Глеб поблагодарил за честь, но сделал отвод:
— Я в темное время бежал от колхоза, а вы меня опять записываете!
— Не неволим, не коммуна! — рокотал Алешка в русской одежде.
Наступила тишина — в коридор ввели Михея на костылях. Он глазами поздоровался с братьями. Атаман повел Михея в кабинет — Михей работал в нем, когда был председателем стансовета.
— Срывай! — кричал из-за двери Глухов. — Рви ему бороду!
— Напрасно стараешься, Глухов, — кашлял Михей.
Послышался удар, стук тела об пол, стон. Спиридон и Глеб побледнели и вышли из коридора.
Глухов с плетью в руках вывел Михея с окровавленным синим лицом. Сели на линейку. Митрофан свистнул, и поскакали, как на шабаш. Мелькали новые старые названия улиц. Интернациональная стала Германской, Советская Староказачьей, Комсомольская — Николаевской, Девятого Января Генеральской…
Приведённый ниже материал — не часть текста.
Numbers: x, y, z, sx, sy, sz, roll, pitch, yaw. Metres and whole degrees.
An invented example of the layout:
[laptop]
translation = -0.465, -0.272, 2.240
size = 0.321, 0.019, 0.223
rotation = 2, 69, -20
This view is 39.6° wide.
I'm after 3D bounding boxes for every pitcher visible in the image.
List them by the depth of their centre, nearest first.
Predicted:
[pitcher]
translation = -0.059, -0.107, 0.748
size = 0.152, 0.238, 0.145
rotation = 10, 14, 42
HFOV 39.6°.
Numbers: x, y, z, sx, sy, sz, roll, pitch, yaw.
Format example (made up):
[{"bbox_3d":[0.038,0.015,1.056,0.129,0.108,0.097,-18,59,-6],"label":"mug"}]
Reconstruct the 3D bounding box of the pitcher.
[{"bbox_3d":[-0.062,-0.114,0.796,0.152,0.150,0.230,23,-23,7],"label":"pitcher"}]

Поезд уже подошел к противотанковым рвам, вырытым населением в первый год войны. Евреев выстроили, пересчитали и повели длинной черной лентой в готовую гигантскую могилу. Детей отделили, отвели в сторону. Как заправские маляры, два немца мазали им рты сладким вареньем, макая кисть в банки. Сами маляры в противогазах. Рты слипались. Яд проникал внутрь. Дети корчились на земле в предсмертных схватках.
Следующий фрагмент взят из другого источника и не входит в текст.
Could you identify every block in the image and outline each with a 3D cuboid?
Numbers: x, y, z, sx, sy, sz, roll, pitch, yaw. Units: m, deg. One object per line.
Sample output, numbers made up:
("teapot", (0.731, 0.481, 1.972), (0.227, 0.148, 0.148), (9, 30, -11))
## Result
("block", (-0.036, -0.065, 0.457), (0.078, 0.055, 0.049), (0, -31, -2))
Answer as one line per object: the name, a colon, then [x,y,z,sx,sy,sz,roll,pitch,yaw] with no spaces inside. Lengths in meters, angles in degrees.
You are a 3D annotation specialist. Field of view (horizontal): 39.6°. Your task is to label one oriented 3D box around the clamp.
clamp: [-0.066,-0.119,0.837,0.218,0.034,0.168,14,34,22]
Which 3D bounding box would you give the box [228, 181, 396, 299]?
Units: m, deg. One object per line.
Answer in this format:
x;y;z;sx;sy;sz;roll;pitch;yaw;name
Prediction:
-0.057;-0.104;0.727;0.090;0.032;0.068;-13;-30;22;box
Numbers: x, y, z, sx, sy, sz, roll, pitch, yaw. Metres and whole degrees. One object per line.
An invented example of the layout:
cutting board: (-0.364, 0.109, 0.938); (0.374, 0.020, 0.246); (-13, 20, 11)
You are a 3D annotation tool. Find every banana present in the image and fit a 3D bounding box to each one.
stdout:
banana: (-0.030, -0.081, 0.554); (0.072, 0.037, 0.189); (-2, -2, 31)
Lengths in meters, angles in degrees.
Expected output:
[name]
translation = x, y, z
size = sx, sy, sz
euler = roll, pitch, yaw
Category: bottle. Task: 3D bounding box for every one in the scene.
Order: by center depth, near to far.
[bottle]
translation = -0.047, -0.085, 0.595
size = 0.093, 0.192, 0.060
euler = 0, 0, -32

Страшнее смерти стояли бульдозеры с опущенными плугами. Они уже попробовали грунт с одного края рва.
Особая рота СД с ирландскими боевыми догами окружила ров. Неслись крики, вопли, душераздирающие стенания. Люди цеплялись за брустверы, не хотели уходить под землю живыми, приходилось сталкивать их ногами и прикладами. Особенно напористо лез изо рва крупный, горбоносый мужчина в немецком же мундире. Бандит Гришка Очаков. Он появился в станице вместе с немцами, был полицейским. Старые люди, немало пострадавшие от Гришки, вспомнили, что отец Очакова еврей, а дети числятся по отцу. Сказали Жорке Гарцеву. Тот сообщил дальше. Гришка прошел тщательную проверку и был подвергнут дезинфекции. Оказалось, что он все-таки был обрезан, как иудей.
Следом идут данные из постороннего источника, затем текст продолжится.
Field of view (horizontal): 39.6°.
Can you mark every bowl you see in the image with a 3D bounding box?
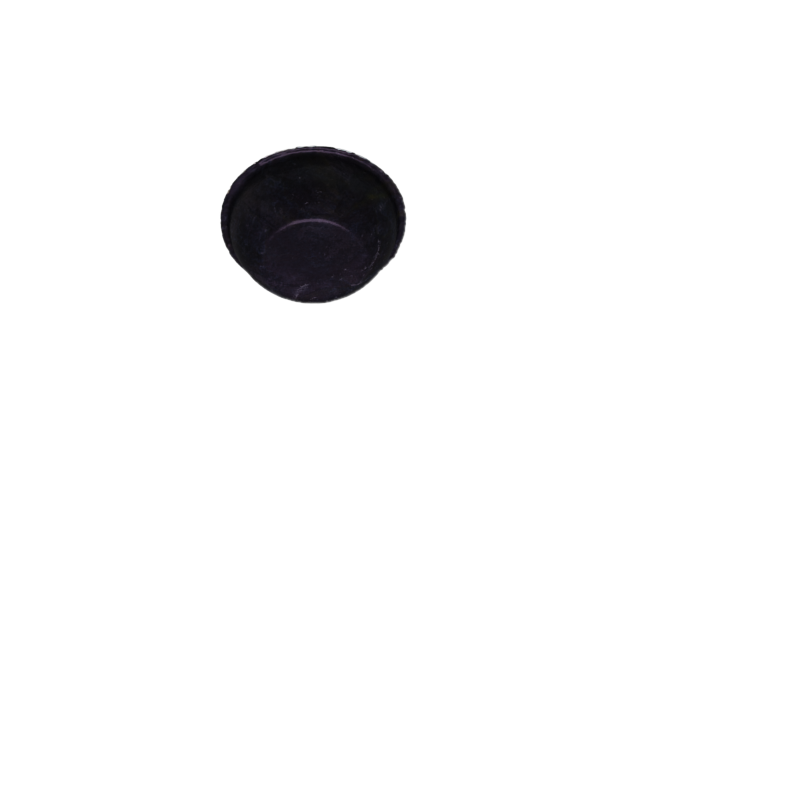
[{"bbox_3d":[-0.074,-0.134,0.940,0.162,0.151,0.059,1,42,-1],"label":"bowl"}]
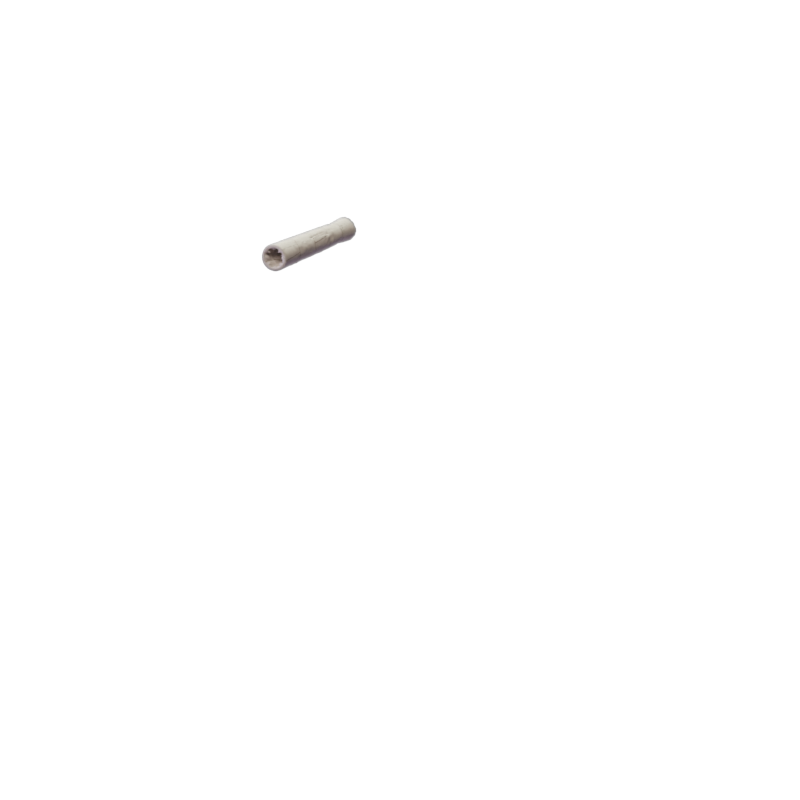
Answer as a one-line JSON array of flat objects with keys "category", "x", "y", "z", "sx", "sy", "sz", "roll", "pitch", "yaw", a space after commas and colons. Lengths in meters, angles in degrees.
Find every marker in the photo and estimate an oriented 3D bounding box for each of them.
[{"category": "marker", "x": -0.062, "y": -0.114, "z": 0.797, "sx": 0.020, "sy": 0.019, "sz": 0.121, "roll": 1, "pitch": 18, "yaw": 23}]
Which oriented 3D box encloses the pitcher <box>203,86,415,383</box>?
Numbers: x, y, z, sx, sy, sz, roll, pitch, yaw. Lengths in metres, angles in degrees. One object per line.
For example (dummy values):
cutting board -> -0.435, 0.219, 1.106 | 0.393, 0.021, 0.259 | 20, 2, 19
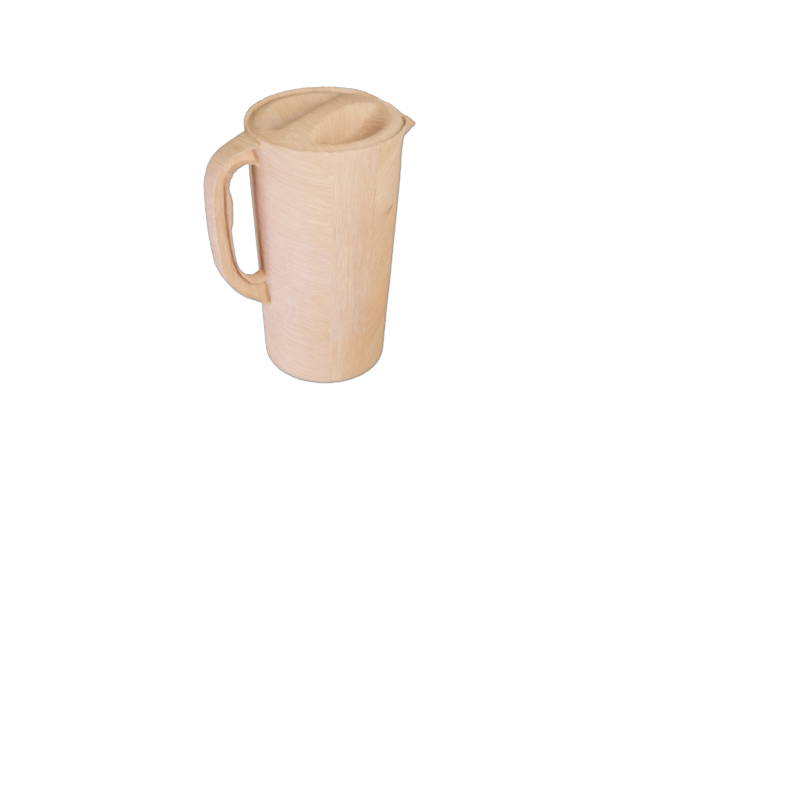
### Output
pitcher -> -0.075, -0.136, 0.955 | 0.152, 0.228, 0.151 | 9, 34, 11
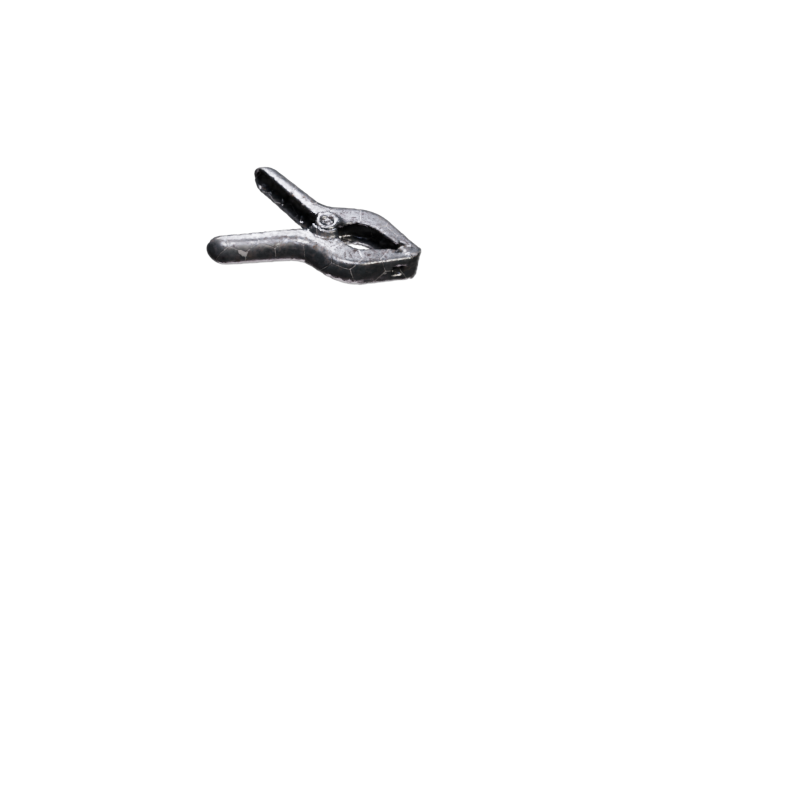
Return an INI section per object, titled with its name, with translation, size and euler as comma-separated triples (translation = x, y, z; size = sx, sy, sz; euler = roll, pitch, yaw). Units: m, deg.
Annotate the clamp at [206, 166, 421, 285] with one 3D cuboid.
[clamp]
translation = -0.072, -0.131, 0.919
size = 0.178, 0.124, 0.036
euler = 22, -37, 17
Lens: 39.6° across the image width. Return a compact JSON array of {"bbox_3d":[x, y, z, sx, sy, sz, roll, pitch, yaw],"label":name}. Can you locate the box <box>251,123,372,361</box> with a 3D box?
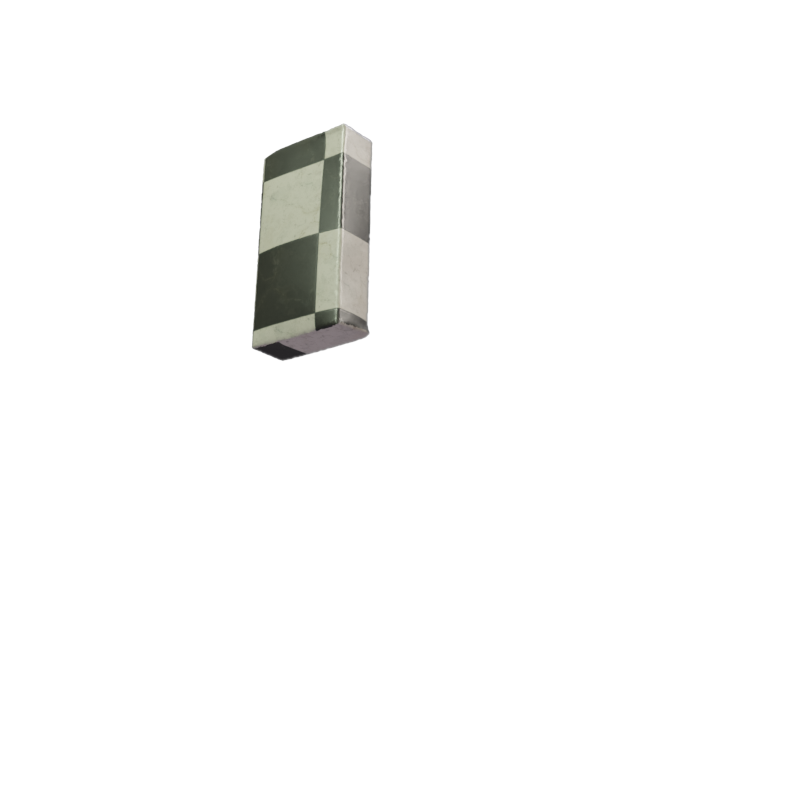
[{"bbox_3d":[-0.071,-0.128,0.898,0.095,0.186,0.045,-17,-27,34],"label":"box"}]

Вперед вышли пулеметчики, мастера массовых операций. Заняли секторы окружности — ров круглый. Офицер кивнул головой. Многоголосый стон потряс небо. Пулеметы строчили сразу все. Потом попарно — с противоположных радиусов. Аккуратно следили, чтобы не получилось перерыва. И так по замкнутому кругу. Потом строчил один, свежий, подбирал еще живых. На крыле ослепительной «Татры» офицеры СД подписывали акт о проведенной операции «Украина». На полыни еще дергались дети, захлебываясь ядовитой слюной. Глазам убиваемых предстало последнее небо. Небо их родины. Гулкое, качающееся небо. Небо, по-библейски обрушившееся свинцом. Пулеметчики в синих беретах остановились и, веря в свое мастерство, закурили, не глядя в ров. Раненые и контуженые приходили в себя. Рота СД давала короткие очереди, не слишком разбрасываясь боеприпасами.